With the model now defined, we can now compile it. Again, the Adam optimiser is used and we are trying to minimise the cross entropy loss.

model.compile(loss='categorical_crossentropy',
              optimizer='Adam',
              metrics=['accuracy'])

With the model compiled, training data and hyper-parameters are provided for training.

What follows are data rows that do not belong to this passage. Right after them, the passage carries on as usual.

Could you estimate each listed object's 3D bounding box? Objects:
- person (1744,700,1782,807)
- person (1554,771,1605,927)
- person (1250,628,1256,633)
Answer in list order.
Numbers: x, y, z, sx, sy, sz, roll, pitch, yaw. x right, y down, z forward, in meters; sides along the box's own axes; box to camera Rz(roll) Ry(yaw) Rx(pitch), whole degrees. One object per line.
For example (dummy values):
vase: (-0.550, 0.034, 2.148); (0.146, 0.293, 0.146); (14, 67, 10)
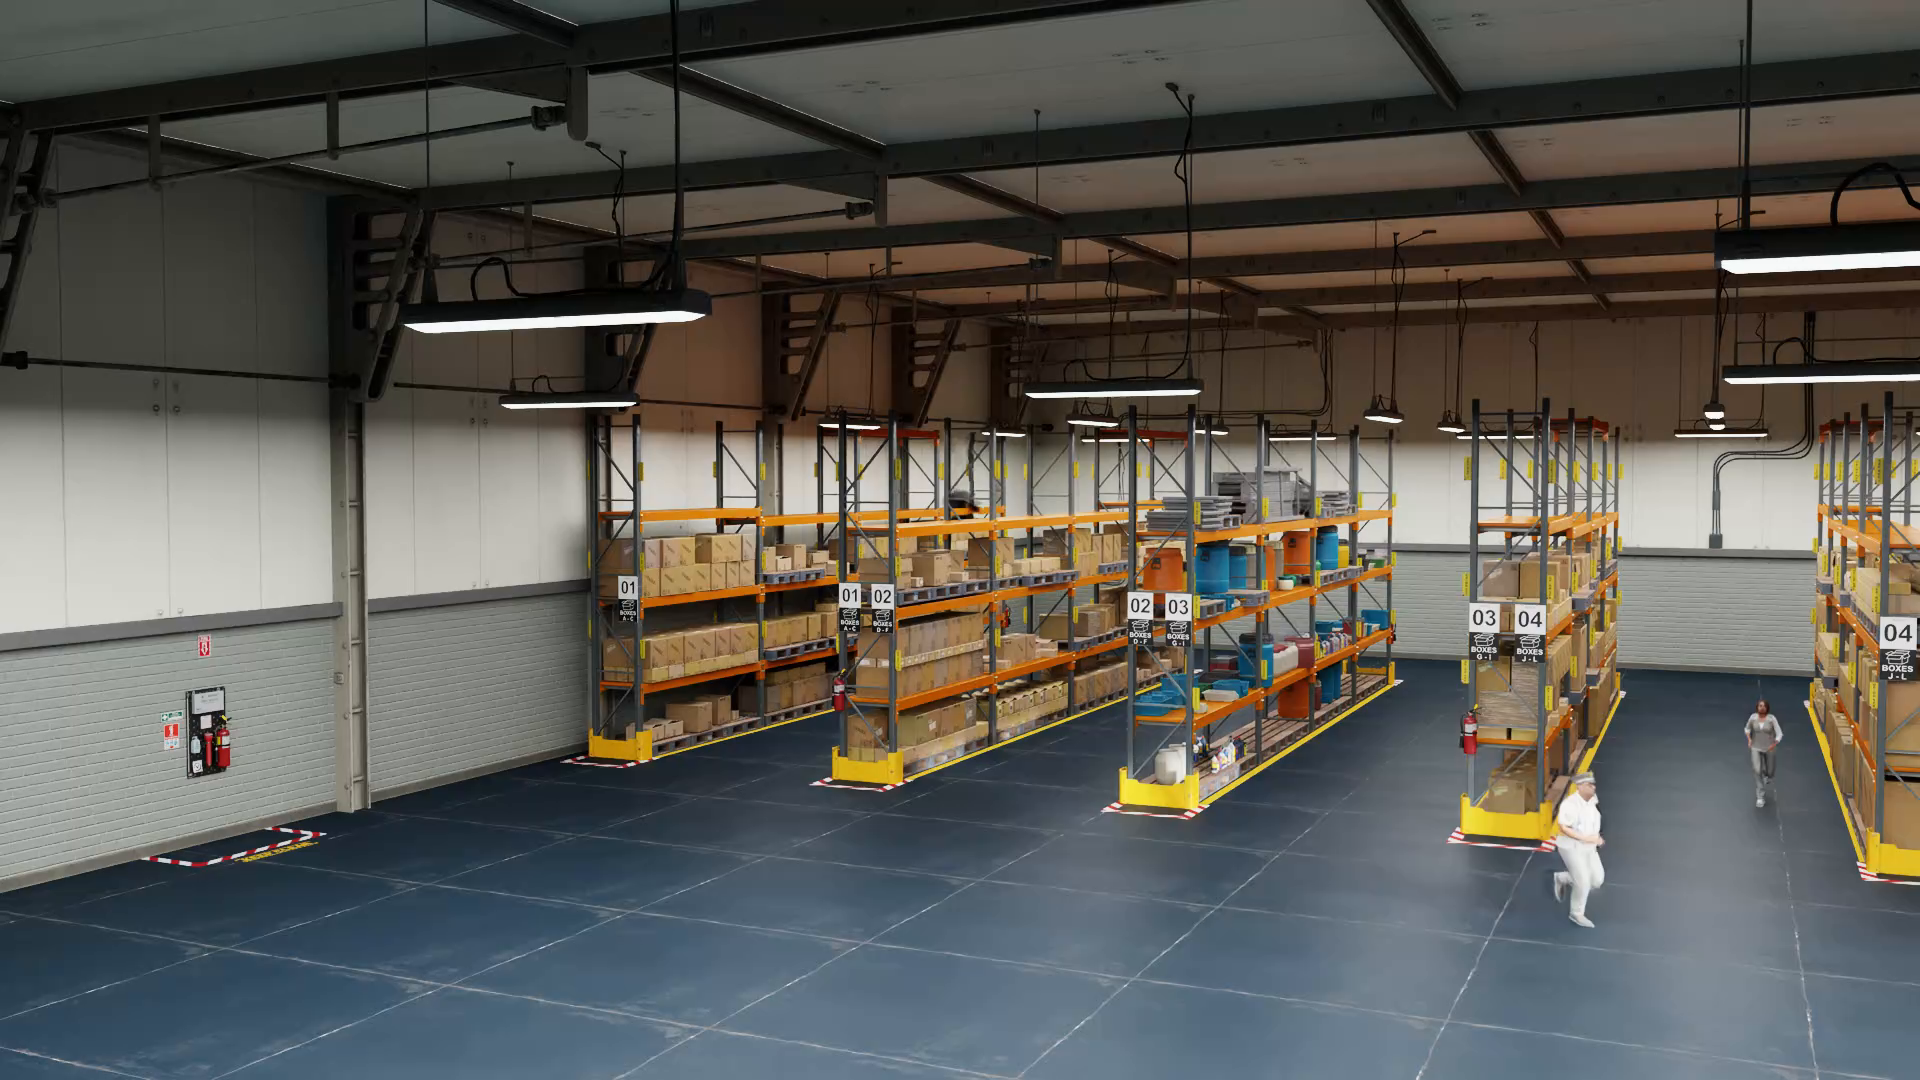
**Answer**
person: (12.166, 3.205, 25.194); (0.519, 1.580, 0.925); (1, 3, 25)
person: (6.868, 3.397, 18.406); (0.703, 1.739, 0.700); (-2, 3, -35)
person: (6.422, 2.715, 36.245); (0.600, 1.637, 0.761); (1, 3, 26)

model.fit(x_train, y_train,
          epochs=num_epochs,
          batch_size=batch_size);

Epoch 1/20
60000/60000 [==============================] - 4s 70us/step - loss: 0.2390 - acc: 0.9286
Epoch 2/20
60000/60000 [==============================] - 4s 68us/step - loss: 0.0922 - acc: 0.9716
Epoch 3/20
60000/60000 [==============================] - 4s 68us/step - loss: 0.0662 - acc: 0.9798
Epoch 4/20
60000/60000 [==============================] - 4s 66us/step - loss: 0.0513 - acc: 0.9839
Epoch 5/20
60000/60000 [==============================] - 4s 66us/step - loss: 0.0409 - acc: 0.9870
Epoch 6/20
60000/60000 [==============================] - 4s 69us/step - loss: 0.0343 - acc: 0.9886
Epoch 7/20
60000/60000 [==============================] - 4s 69us/step - loss: 0.0318 - acc: 0.9900
Epoch 8/20
60000/60000 [==============================] - 4s 69us/step - loss: 0.0272 - acc: 0.9911
Epoch 9/20
60000/60000 [==============================] - 4s 69us/step - loss: 0.0233 - acc: 0.9926
Epoch 10/20
60000/60000 [==============================] - 4s 69us/step - loss: 0.0217 - acc: 0.9935
Epoch 11/20
60000/60000 [==============================] - 4s 69us/step - loss: 0.0198 - acc: 0.9938
Epoch 12/20
60000/60000 [==============================] - 4s 68us/step - loss: 0.0172 - acc: 0.9948
Epoch 13/20
60000/60000 [==============================] - 4s 67us/step - loss: 0.0166 - acc: 0.9949
Epoch 14/20
60000/60000 [==============================] - 4s 66us/step - loss: 0.0141 - acc: 0.9955
Epoch 15/20
60000/60000 [==============================] - 4s 66us/step - loss: 0.0180 - acc: 0.9945
Epoch 16/20
60000/60000 [==============================] - 4s 69us/step - loss: 0.0142 - acc: 0.9957
Epoch 17/20
60000/60000 [==============================] - 4s 67us/step - loss: 0.0118 - acc: 0.9964
Epoch 18/20
60000/60000 [==============================] - 4s 66us/step - loss: 0.0132 - acc: 0.9960
Epoch 19/20
60000/60000 [==============================] - 4s 66us/step - loss: 0.0121 - acc: 0.9962
Epoch 20/20
60000/60000 [==============================] - 4s 68us/step - loss: 0.0109 - acc: 0.9968

It looks like the model will have a high accuracy, though there is the chance of overfitting. The model is evaluated against the test data, and as we can see from below, a good accuracy is obtained. The combination of a drop in the accuracy, and the high accuracy obtained when learning suggest that some over-fitting might be happening. In this instance I am not too worried, as the objective was to draw a basic comparison between native Tensorflow and Keras.

score = model.evaluate(x_test, y_test, batch_size=batch_size)
print('Model accuracy is', score[1])

10000/10000 [==============================] - 0s 30us/step
Model accuracy is 0.979100008011

In conclusion, it was significantly easier to get a model up and running using Keras rather than native Tensorflow. The significant difference between the two models was the clarity and conciseness of the code when working in Keras (plus Keras also has fantastic documentation). Not only does this make is easier to conceptualise and understand what is happening with the model, but the ease of understanding also helps to speed up model design iteration. Though I also want to look at this model again in Julia, for now all standard neural net models that I generate will be done through Keras and not native Tensorflow.